Lubię dzielić się z innymi tym co samej udało mi się już dowiedzieć. „Gdzie najlepiej zjeść w Warszawie?” to pytanie, które wpisywałam w Google gdy szukaliśmy z narzeczonym dobrego jedzenia będąc właśnie w tym mieście.
Na pewno nie jedna osoba wykorzystuje taki sposób na szukanie dobrego jedzenia w okolicy lub w miejscu, w którym akurat przebywa. Jeśli jeszcze tego nie robicie to naprawdę polecam. Warto dowiedzieć się gdzie dobrze zjeść, niż później się rozczarować.
Jeśli chcecie przeczytać o tym co zwiedziłam w Warszawie
to zapraszam Was do poprzedniego wpisu.
Pierwszy dzień.
Po przyjeździe kupiliśmy sobie tylko belgijskie frytki, które swoją drogą były bardzo dobre. Jeśli chcielibyście zjeść polecam te na ul. Chmielnej w Okienku.
Później znalazłam bardzo fajną restauracje z azjatyckim jedzeniem. Du-za Mi-ha. Kupiliśmy sobie sajgonki (które uwielbiam!) i coś dodatkowego. Wybrałam zupę z kurczakiem. Była ok, jeśli lubicie delikatne zupy to na pewno by Wam posmakowała, ja jednak żałowałam swojej decyzji bo miałam ochotę na coś ostrzejszego. Mój narzeczony zamówił sobie makaron sojowy z kurczakiem.
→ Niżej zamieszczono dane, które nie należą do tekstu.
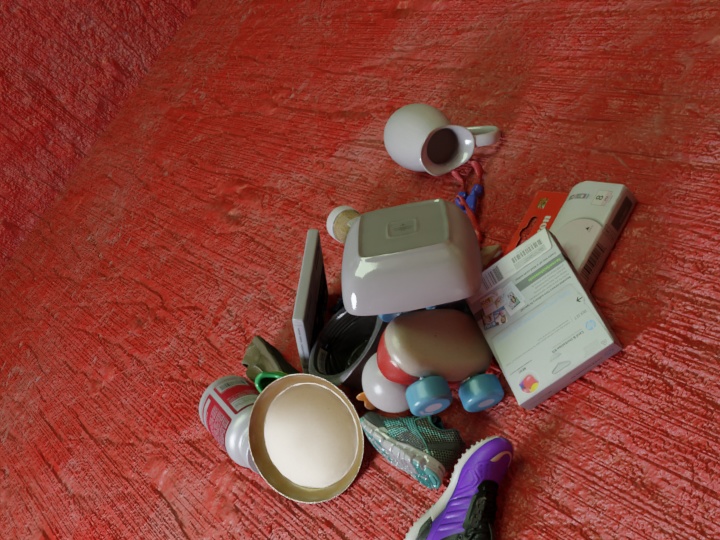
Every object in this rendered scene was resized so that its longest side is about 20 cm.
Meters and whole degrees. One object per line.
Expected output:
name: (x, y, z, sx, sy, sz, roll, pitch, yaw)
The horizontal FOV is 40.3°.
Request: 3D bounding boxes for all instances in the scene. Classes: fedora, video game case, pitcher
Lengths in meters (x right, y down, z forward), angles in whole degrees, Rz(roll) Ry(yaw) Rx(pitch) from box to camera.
fedora: (0.004, 0.132, 1.578, 0.200, 0.090, 0.178, -18, 42, 53)
video game case: (-0.085, 0.062, 1.693, 0.023, 0.182, 0.201, 1, 50, 7)
pitcher: (0.143, -0.240, 1.770, 0.171, 0.122, 0.200, -14, 21, -18)

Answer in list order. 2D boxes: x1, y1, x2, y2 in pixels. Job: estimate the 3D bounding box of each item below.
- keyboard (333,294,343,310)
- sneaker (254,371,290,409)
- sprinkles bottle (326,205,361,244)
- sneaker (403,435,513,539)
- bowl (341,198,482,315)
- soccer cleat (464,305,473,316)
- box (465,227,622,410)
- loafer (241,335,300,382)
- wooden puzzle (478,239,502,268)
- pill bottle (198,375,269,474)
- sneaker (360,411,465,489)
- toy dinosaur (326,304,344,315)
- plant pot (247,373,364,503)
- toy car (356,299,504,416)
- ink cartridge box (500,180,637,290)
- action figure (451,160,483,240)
keyboard: (0.000, 0.000, 1.550, 0.104, 0.040, 0.200, -40, -4, -20)
sneaker: (-0.095, 0.224, 1.579, 0.199, 0.084, 0.074, 26, 88, 29)
sprinkles bottle: (0.008, -0.060, 1.783, 0.068, 0.068, 0.200, -51, 33, -2)
sneaker: (0.149, 0.313, 1.260, 0.201, 0.069, 0.099, -55, 40, 1)
bowl: (0.064, -0.030, 1.371, 0.199, 0.075, 0.200, -11, 31, 9)
soccer cleat: (0.174, 0.039, 1.505, 0.084, 0.065, 0.200, -44, 28, -22)
box: (0.243, 0.064, 1.347, 0.156, 0.041, 0.201, -37, 54, 18)
loafer: (-0.158, 0.184, 1.745, 0.068, 0.076, 0.200, -53, 26, 2)
wooden puzzle: (0.108, -0.011, 1.494, 0.184, 0.037, 0.200, -9, 6, 22)
pill bottle: (-0.191, 0.264, 1.664, 0.112, 0.112, 0.200, -53, 33, -4)
sneaker: (0.078, 0.242, 1.419, 0.091, 0.078, 0.200, -42, 33, -17)
toy dinosaur: (-0.009, 0.074, 1.688, 0.200, 0.047, 0.088, -44, 60, 4)
plant pot: (-0.082, 0.258, 1.520, 0.199, 0.027, 0.201, 1, 94, 22)
toy car: (0.077, 0.146, 1.428, 0.200, 0.176, 0.185, -50, 49, 44)
ink cartridge box: (0.292, -0.059, 1.463, 0.199, 0.057, 0.163, 16, 70, 50)
action figure: (0.159, -0.110, 1.630, 0.065, 0.099, 0.201, -25, 43, 34)

Porcje były naprawdę duże. Nazwa restauracji zobowiązuje, jak widać.
Dzień drugi.
W ten dzień, muszę się przyznać do tego, nie mogliśmy znaleźć dobrej (i nie kosztującej majątek) restauracji. Zwiedzaliśmy stare miasto w Warszawie i było to bardzo trudne. Poszliśmy kawałek od Starego Miasta i weszliśmy w jakąś uliczkę. Zobaczyłam lokal, którego nazwy już nie pamiętam i stwierdziłam, że idziemy tam zjeść. Może to kobieca intuicja?
Było naprawdę bardzo smacznie! Jedzenie nie było drogie bo za zestaw (krem pomidorowy, pierogi ruskie/naleśnik oraz wino) zapłaciliśmy coś ok 20 zł. Fajnie było wypić wino z ukochanym. Taka niespodziewana niespodzianka do obiadu (w cenie obiadu!).
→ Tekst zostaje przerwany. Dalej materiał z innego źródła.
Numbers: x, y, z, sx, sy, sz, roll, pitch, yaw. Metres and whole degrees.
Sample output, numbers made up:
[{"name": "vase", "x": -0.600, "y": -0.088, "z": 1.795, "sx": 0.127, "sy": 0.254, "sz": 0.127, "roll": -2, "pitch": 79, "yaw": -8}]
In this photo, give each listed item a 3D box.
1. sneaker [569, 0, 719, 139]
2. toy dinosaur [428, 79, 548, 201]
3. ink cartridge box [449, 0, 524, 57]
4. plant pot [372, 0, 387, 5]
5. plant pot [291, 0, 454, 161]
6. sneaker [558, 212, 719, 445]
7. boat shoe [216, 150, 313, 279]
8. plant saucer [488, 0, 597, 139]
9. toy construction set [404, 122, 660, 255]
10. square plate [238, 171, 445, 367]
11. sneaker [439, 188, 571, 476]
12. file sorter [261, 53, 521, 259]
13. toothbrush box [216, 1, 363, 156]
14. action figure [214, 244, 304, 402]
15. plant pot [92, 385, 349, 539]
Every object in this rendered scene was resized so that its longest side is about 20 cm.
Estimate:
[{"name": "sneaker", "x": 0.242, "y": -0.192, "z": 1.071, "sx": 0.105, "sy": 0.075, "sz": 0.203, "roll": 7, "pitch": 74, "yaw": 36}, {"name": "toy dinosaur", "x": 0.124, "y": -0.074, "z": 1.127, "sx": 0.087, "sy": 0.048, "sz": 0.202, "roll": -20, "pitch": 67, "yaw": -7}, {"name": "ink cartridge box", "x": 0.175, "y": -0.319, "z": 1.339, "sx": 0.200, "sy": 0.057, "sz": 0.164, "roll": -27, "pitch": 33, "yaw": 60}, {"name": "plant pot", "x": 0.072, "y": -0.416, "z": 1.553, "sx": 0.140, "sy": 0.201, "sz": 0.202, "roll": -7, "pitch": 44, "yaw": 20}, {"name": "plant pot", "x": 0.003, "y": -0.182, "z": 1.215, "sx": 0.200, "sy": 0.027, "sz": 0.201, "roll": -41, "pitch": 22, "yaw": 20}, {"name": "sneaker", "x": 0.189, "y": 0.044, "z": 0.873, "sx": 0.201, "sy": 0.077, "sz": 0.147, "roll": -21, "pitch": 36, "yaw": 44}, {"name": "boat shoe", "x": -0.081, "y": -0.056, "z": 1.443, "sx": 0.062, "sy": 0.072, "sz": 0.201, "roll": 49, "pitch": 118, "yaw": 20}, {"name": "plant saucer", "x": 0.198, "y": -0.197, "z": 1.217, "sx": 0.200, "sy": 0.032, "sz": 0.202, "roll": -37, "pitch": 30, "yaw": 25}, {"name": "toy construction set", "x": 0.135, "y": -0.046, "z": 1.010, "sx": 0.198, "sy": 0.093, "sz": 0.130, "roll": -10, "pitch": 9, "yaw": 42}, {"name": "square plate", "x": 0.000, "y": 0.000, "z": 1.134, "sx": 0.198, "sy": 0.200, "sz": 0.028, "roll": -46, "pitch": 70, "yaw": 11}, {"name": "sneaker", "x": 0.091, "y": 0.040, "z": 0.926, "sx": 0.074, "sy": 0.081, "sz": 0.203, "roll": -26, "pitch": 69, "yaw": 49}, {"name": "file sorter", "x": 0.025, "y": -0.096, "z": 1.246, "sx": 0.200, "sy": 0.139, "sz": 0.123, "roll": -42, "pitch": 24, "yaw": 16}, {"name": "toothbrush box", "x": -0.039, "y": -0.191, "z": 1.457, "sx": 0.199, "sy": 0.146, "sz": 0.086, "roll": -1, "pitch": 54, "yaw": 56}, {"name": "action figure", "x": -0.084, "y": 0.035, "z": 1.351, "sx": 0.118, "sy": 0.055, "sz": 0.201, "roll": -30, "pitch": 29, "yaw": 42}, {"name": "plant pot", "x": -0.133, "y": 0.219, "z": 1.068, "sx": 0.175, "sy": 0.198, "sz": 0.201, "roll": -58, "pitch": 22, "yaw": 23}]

Wieczorem mieliśmy w planach odwiedzić tę słynną naleśnikarnie, pewnie niektórzy z Was wiedzą o czym zaraz napisze, chodzi mi oczywiście o restauracje Manekin. Czekaliśmy ok 30 min… w kolejce, żeby w ogóle dostać miejsce i zamówić. Później ok 20 na naleśniki. Było warto. Naprawdę nam smakowało.
Dzień trzeci.
Naprawdę dobre jedzenie jedliśmy w ten dzień! Na początku znaleźliśmy fajną restaurację (niedaleko Pałacu Kultury), która nazywa się „Słoik”. Żałuje, że nie zrobiłam zdjęć wystroju albo chociaż zupy. Wszystko było właśnie w klimacie słoika. Zupa była podana w naczyniu podobnym właśnie do słoika, sól i pieprz również były w małych słoiczkach i na koniec kelner przyniósł nam rachunek… tak w słoiku. Jedzenie było smaczne. Trafiliśmy akurat na lunch i była korzystna oferta. Zjedliśmy zupę warzywną, mięso z kluseczkami, a na deser malutka porcja szarlotki (większej chyba byśmy nie wcisnęli).
Wieczorem mieliśmy ochotę na Burgera i poszliśmy do Bobby Burger. Muszę przyznać, że naprawdę mi smakowało. Dobre mięso i fajne sosy. Uwielbiam burgery i może dlatego to miejsce tak przypadło mi do gustu.
Czwarty dzień.
Czwartego dnia, czyli w czwartek niestety wracaliśmy już z Warszawy. Zjedliśmy tylko śniadanie w Mcdonald’s i wypiliśmy kawę.
Gdzie według Was najlepiej zjeść w Warszawie?
Macie swoje ulubione miejsca z jedzeniem w tym mieście?
Uwielbiam naleśniki z manekina:) jak dla mnie najlepsze 🙂
do warszawy nie jeżdżę, byłam ze dwa razy, ale ja szukałabym restauracji wegetariańskich
Dzień trzeci zdecydowanie dla mnie. Manekina mam też e Bydgoszczy ale jakoś wolę zwykłe domowe naleśniki.
Ale mi smaka narobiłaś
Ja często stawiam na intuicję gdy szukam czegoś do zjedzenia w obcym mieście. O dziwo jakos mi się udaje dobrze trafić. Nawet mając 10 lat w Paryżu powiedziałam rodzicom gdzie idziemy jeść i trafiliśmy na polską restaurację :p
O zazdroszczę takiej umiejętności! U mnie nie raz takie szukanie, źle się skończyło. 😉
Bardzo lubię belgijskie frytki 🙂
Jak będę w Warszawie to skorzystam z Twoich porad 🙂
Bardzo mi miło. Cieszę się, że mogłam pomóc.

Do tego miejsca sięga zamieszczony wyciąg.